Documentation: Nonconformance reports, corrective action plans, and follow-up documentation should be maintained to track the resolution of issues.

Roles: Quality managers should oversee the nonconformance management process, while department heads are responsible for addressing issues within their areas.

Inspection Expectations: Inspectors will evaluate the organization’s ability to manage nonconformities and the effectiveness of corrective actions taken.

Step 8: Continuous Improvement

Continuous improvement is a core principle of a Combined & Companion QMS. Organizations should foster a culture of quality and encourage ongoing evaluation and enhancement of processes and products.

Objectives: The objective is to establish mechanisms for identifying opportunities for improvement and implementing changes that enhance product quality and compliance.

Documentation: Continuous improvement initiatives, including process improvement plans and performance metrics, should be documented and reviewed regularly.

Roles: Quality managers should lead continuous improvement efforts, while all employees should be encouraged to contribute ideas and feedback.

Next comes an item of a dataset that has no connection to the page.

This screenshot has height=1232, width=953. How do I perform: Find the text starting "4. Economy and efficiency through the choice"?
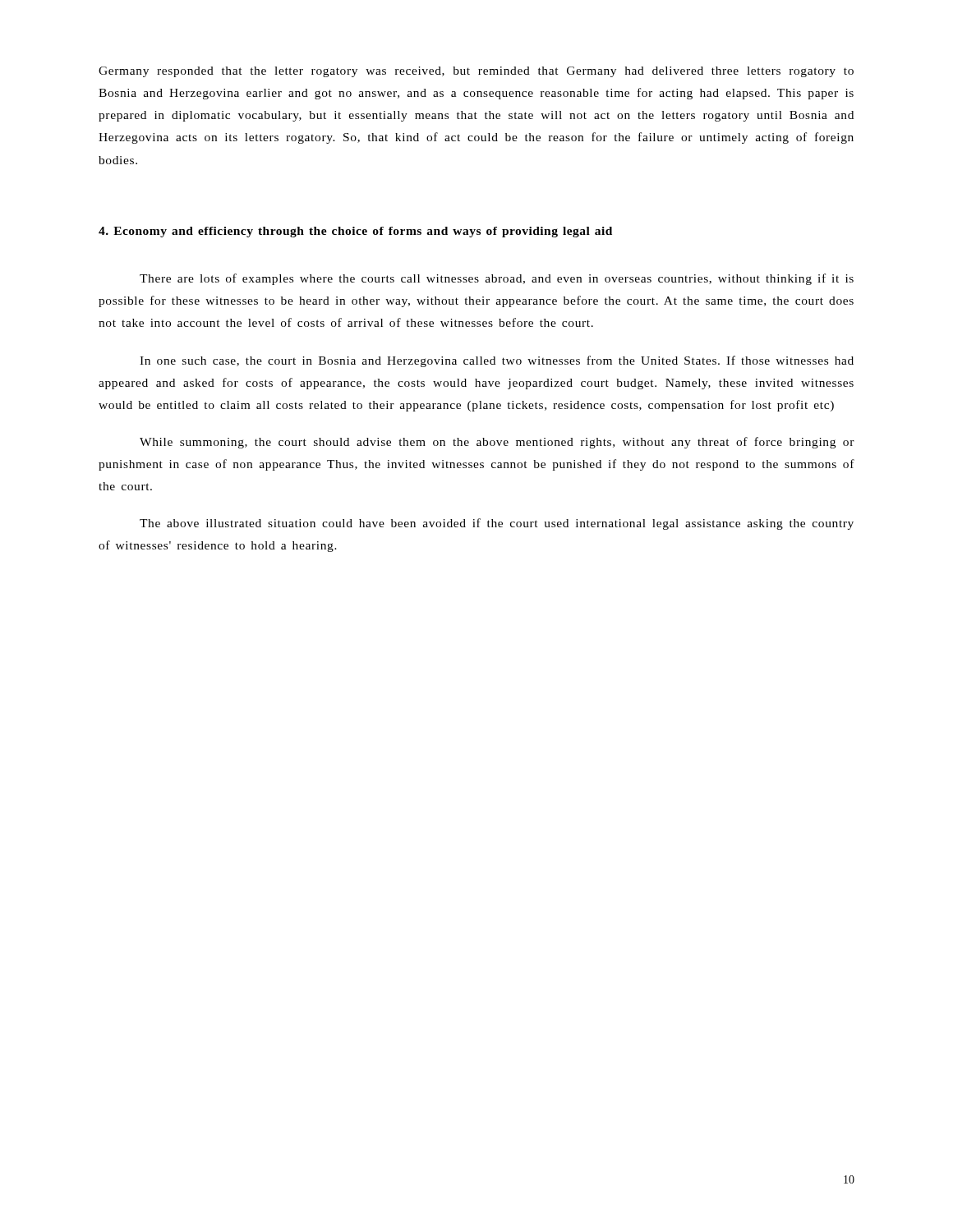356,230

Inspection Expectations: Inspectors will assess the organization’s commitment to continuous improvement and the effectiveness of implemented initiatives.

Conclusion

Establishing a Combined & Companion QMS for medical devices and combination products in contract manufacturing and outsourced operations is a complex but essential undertaking. By following the outlined steps, organizations can ensure compliance with regulatory requirements and enhance product quality. Continuous engagement with regulatory bodies, such as the FDA, and adherence to standards like ISO 13485 will further strengthen the QMS and support successful operations in the regulated industry.